§ **Exercise directions**
The records follow. Filter them to the lines that hold "voorziening".

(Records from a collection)
········

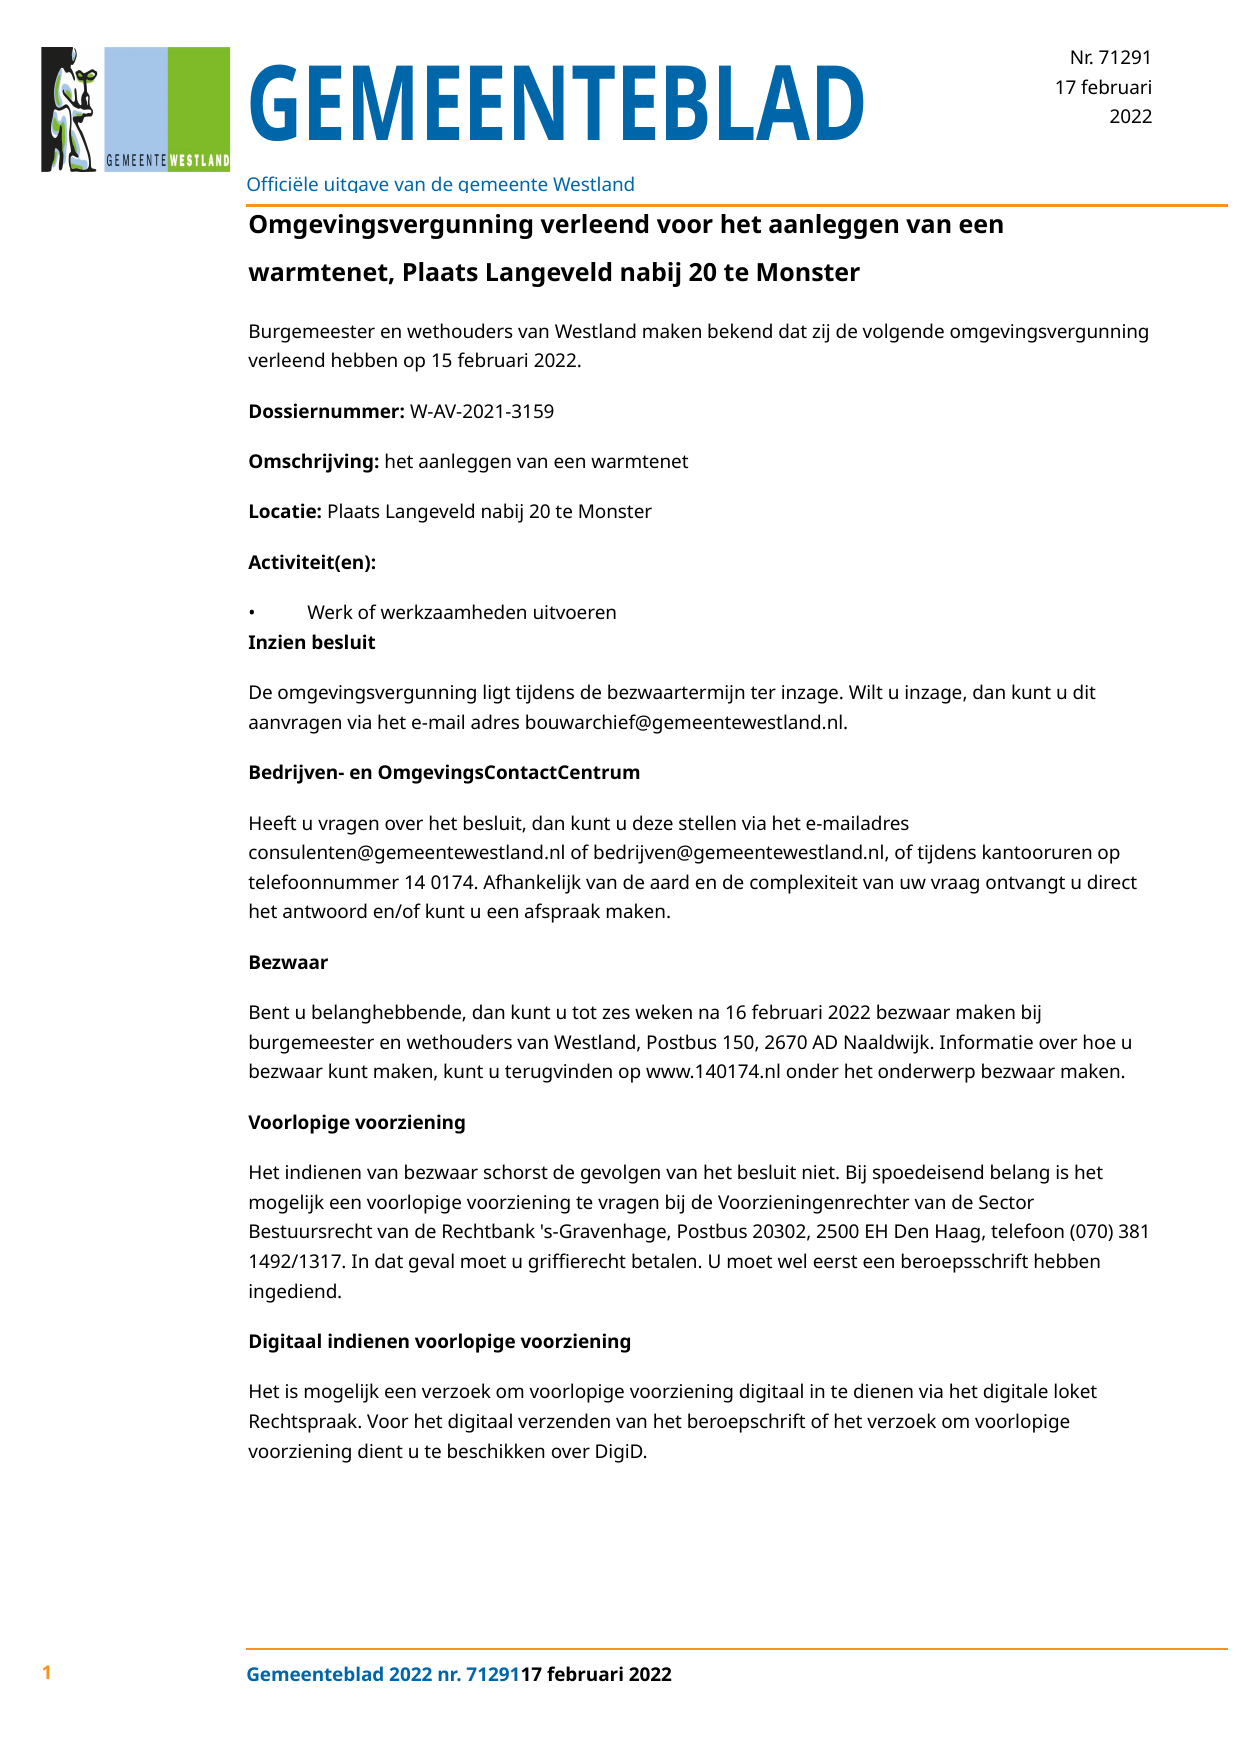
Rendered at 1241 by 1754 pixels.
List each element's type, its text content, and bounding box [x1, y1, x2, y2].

list Werk of werkzaamheden uitvoeren [248, 599, 1152, 625]
picture [41, 47, 231, 172]
text Bezwaar [248, 949, 1152, 975]
text Digitaal indienen voorlopige voorziening [248, 1328, 1152, 1354]
text De omgevingsvergunning ligt tijdens de bezwaartermijn ter inzage. Wilt u inzage, dan kunt u dit aanvragen via het e-mail adres bouwarchief@gemeentewestland.nl. [248, 679, 1152, 735]
text Dossiernummer: W-AV-2021-3159 [248, 398, 1152, 424]
text Omschrijving: het aanleggen van een warmtenet [248, 448, 1152, 474]
text Burgemeester en wethouders van Westland maken bekend dat zij de volgende omgevingsvergunning verleend hebben op 15 februari 2022. [248, 318, 1152, 373]
text Het is mogelijk een verzoek om voorlopige voorziening digitaal in te dienen via het digitale loket Rechtspraak. Voor het digitaal verzenden van het beroepschrift of het verzoek om voorlopige voorziening dient u te beschikken over DigiD. [248, 1379, 1152, 1464]
text Activiteit(en): [248, 549, 1152, 575]
text Locatie: Plaats Langeveld nabij 20 te Monster [248, 499, 1152, 524]
text Heeft u vragen over het besluit, dan kunt u deze stellen via het e-mailadres consulenten@gemeentewestland.nl of bedrijven@gemeentewestland.nl, of tijdens kantooruren op telefoonnummer 14 0174. Afhankelijk van de aard en de complexiteit van uw vraag ontvangt u direct het antwoord en/of kunt u een afspraak maken. [248, 810, 1152, 924]
text Voorlopige voorziening [248, 1109, 1152, 1135]
text Het indienen van bezwaar schorst de gevolgen van het besluit niet. Bij spoedeisend belang is het mogelijk een voorlopige voorziening te vragen bij de Voorzieningenrechter van de Sector Bestuursrecht van de Rechtbank 's-Gravenhage, Postbus 20302, 2500 EH Den Haag, telefoon (070) 381 1492/1317. In dat geval moet u griffierecht betalen. U moet wel eerst een beroepsschrift hebben ingediend. [248, 1159, 1152, 1304]
text Inzien besluit [248, 629, 1152, 655]
text Omgevingsvergunning verleend voor het aanleggen van een warmtenet, Plaats Langeveld nabij 20 te Monster [248, 207, 1152, 288]
text Bedrijven- en OmgevingsContactCentrum [248, 759, 1152, 785]
text Bent u belanghebbende, dan kunt u tot zes weken na 16 februari 2022 bezwaar maken bij burgemeester en wethouders van Westland, Postbus 150, 2670 AD Naaldwijk. Informatie over hoe u bezwaar kunt maken, kunt u terugvinden op www.140174.nl onder het onderwerp bezwaar maken. [248, 999, 1152, 1084]

········

§ **Solution to this exercise**
text Digitaal indienen voorlopige voorziening [248, 1328, 1152, 1354]
text Het is mogelijk een verzoek om voorlopige voorziening digitaal in te dienen via het digitale loket Rechtspraak. Voor het digitaal verzenden van het beroepschrift of het verzoek om voorlopige voorziening dient u te beschikken over DigiD. [248, 1379, 1152, 1464]
text Voorlopige voorziening [248, 1109, 1152, 1135]
text Het indienen van bezwaar schorst de gevolgen van het besluit niet. Bij spoedeisend belang is het mogelijk een voorlopige voorziening te vragen bij de Voorzieningenrechter van de Sector Bestuursrecht van de Rechtbank 's-Gravenhage, Postbus 20302, 2500 EH Den Haag, telefoon (070) 381 1492/1317. In dat geval moet u griffierecht betalen. U moet wel eerst een beroepsschrift hebben ingediend. [248, 1159, 1152, 1304]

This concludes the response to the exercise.